Extracted data entries

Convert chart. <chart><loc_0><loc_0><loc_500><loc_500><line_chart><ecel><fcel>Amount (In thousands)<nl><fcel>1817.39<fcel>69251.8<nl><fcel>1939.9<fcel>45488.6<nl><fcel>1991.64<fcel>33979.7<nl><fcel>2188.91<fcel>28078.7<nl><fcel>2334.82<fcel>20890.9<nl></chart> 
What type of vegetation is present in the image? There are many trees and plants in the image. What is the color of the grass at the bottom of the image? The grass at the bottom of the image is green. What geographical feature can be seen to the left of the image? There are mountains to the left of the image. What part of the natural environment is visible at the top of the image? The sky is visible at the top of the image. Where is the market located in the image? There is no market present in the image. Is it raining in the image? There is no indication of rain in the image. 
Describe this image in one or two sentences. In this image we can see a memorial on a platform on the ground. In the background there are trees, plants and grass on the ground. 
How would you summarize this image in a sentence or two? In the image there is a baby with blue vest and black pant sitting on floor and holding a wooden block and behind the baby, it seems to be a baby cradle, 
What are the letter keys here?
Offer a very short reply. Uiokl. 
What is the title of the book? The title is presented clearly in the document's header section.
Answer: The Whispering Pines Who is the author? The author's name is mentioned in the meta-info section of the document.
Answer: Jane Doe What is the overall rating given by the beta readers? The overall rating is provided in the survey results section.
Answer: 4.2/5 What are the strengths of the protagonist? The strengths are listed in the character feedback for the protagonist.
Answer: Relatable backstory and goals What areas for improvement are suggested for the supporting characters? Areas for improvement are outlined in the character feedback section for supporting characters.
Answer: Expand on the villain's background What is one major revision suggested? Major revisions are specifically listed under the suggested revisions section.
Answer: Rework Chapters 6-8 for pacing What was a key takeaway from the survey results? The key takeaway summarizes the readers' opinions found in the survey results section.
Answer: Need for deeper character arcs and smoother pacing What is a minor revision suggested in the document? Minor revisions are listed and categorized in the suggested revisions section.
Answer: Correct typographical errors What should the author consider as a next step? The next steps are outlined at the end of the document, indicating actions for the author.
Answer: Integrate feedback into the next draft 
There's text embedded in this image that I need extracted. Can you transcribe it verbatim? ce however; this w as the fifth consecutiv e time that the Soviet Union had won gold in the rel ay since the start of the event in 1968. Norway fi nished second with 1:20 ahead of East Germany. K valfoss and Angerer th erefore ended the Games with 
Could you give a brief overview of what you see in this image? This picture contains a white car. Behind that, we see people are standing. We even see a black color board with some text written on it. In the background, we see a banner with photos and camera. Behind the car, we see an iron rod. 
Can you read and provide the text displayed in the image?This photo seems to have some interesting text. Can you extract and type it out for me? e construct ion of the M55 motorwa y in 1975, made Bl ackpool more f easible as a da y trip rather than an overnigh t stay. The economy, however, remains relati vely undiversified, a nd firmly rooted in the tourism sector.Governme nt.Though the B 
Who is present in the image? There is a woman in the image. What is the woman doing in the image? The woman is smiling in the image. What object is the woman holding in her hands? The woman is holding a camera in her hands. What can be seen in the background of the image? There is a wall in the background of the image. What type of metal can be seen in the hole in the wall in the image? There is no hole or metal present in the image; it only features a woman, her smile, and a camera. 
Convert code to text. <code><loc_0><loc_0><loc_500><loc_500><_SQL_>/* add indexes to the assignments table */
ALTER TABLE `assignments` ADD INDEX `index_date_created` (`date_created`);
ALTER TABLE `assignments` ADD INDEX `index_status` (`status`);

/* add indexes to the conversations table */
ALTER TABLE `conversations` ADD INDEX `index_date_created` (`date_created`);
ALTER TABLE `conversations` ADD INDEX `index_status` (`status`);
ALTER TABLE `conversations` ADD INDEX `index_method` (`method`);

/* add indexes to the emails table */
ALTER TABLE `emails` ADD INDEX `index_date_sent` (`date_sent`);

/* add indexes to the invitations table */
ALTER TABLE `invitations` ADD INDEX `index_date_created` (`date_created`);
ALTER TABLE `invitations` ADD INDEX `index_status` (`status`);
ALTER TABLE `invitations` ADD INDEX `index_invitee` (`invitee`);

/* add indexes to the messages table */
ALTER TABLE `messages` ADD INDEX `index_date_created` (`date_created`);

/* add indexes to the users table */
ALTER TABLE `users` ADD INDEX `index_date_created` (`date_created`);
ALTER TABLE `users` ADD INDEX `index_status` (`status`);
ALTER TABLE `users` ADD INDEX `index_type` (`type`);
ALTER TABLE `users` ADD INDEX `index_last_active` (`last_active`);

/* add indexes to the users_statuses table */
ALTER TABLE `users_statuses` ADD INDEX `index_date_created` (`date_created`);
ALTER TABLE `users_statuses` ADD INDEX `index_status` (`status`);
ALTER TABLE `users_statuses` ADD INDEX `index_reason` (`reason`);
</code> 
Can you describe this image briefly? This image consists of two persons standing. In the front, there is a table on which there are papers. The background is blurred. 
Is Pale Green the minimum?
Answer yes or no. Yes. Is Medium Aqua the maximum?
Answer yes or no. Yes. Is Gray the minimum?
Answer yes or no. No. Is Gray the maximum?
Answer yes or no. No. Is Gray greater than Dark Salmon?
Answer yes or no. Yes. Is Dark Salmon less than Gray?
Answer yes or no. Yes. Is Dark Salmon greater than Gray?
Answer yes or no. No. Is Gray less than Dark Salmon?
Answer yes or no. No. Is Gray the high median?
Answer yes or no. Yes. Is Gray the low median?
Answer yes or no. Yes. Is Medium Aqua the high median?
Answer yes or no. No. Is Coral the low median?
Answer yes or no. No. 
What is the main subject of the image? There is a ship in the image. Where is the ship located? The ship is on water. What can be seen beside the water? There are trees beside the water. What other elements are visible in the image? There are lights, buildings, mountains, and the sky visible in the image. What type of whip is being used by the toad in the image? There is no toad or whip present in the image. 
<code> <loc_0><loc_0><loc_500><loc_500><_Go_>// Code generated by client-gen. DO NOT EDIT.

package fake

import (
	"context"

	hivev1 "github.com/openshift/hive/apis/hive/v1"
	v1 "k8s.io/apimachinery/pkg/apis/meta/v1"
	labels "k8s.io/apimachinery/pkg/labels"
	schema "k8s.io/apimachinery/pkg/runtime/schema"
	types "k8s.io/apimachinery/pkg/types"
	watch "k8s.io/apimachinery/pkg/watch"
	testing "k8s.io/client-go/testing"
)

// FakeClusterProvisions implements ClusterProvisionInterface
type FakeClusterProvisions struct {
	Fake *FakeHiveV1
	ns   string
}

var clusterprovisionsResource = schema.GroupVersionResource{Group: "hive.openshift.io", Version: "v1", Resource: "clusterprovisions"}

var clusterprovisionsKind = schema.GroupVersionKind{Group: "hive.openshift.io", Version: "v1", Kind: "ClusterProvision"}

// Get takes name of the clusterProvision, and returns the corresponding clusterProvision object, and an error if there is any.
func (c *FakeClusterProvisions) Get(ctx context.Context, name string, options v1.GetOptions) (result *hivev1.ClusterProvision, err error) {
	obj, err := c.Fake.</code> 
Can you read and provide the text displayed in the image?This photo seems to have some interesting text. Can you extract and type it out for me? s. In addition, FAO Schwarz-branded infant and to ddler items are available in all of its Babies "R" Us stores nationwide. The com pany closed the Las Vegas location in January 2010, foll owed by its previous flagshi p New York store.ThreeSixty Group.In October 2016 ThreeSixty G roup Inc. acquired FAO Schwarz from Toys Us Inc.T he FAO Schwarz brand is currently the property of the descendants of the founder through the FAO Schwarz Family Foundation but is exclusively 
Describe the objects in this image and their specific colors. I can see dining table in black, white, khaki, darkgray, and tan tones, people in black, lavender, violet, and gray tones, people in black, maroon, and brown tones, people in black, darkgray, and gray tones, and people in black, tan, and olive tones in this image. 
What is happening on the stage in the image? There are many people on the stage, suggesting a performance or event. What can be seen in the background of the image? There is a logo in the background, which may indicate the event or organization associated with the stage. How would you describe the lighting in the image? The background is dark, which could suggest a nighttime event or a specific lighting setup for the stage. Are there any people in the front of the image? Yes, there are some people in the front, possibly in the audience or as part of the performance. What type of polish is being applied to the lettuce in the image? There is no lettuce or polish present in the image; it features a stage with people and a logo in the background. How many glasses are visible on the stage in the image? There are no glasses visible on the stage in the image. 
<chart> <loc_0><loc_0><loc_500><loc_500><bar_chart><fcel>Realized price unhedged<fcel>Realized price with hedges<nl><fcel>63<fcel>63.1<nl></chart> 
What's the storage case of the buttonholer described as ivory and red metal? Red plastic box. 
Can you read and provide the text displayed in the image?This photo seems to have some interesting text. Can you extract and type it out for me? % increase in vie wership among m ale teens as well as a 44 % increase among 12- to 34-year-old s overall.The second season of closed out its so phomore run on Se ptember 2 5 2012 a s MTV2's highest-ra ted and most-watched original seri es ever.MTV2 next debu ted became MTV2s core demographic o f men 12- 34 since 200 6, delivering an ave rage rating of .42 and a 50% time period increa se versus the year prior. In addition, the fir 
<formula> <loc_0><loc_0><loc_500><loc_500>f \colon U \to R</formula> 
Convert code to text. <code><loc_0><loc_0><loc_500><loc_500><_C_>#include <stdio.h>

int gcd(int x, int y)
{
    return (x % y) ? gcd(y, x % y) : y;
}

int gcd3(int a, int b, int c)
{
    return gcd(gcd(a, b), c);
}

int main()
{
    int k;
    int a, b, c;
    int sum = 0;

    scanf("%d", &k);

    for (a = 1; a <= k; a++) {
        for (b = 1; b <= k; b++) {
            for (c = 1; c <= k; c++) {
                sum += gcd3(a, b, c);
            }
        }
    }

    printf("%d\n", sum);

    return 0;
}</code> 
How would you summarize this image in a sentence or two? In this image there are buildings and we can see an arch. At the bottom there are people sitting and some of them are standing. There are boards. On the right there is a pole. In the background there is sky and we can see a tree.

**TASK ITEM:** Your response should be made up of the lines in the data that contain the word "part".

**SOLUTION TO THIS EXERCISE:**
What type of vegetation is present in the image? There are many trees and plants in the image. What is the color of the grass at the bottom of the image? The grass at the bottom of the image is green. What geographical feature can be seen to the left of the image? There are mountains to the left of the image. What part of the natural environment is visible at the top of the image? The sky is visible at the top of the image. Where is the market located in the image? There is no market present in the image. Is it raining in the image? There is no indication of rain in the image. 
What is happening on the stage in the image? There are many people on the stage, suggesting a performance or event. What can be seen in the background of the image? There is a logo in the background, which may indicate the event or organization associated with the stage. How would you describe the lighting in the image? The background is dark, which could suggest a nighttime event or a specific lighting setup for the stage. Are there any people in the front of the image? Yes, there are some people in the front, possibly in the audience or as part of the performance. What type of polish is being applied to the lettuce in the image? There is no lettuce or polish present in the image; it features a stage with people and a logo in the background. How many glasses are visible on the stage in the image? There are no glasses visible on the stage in the image. 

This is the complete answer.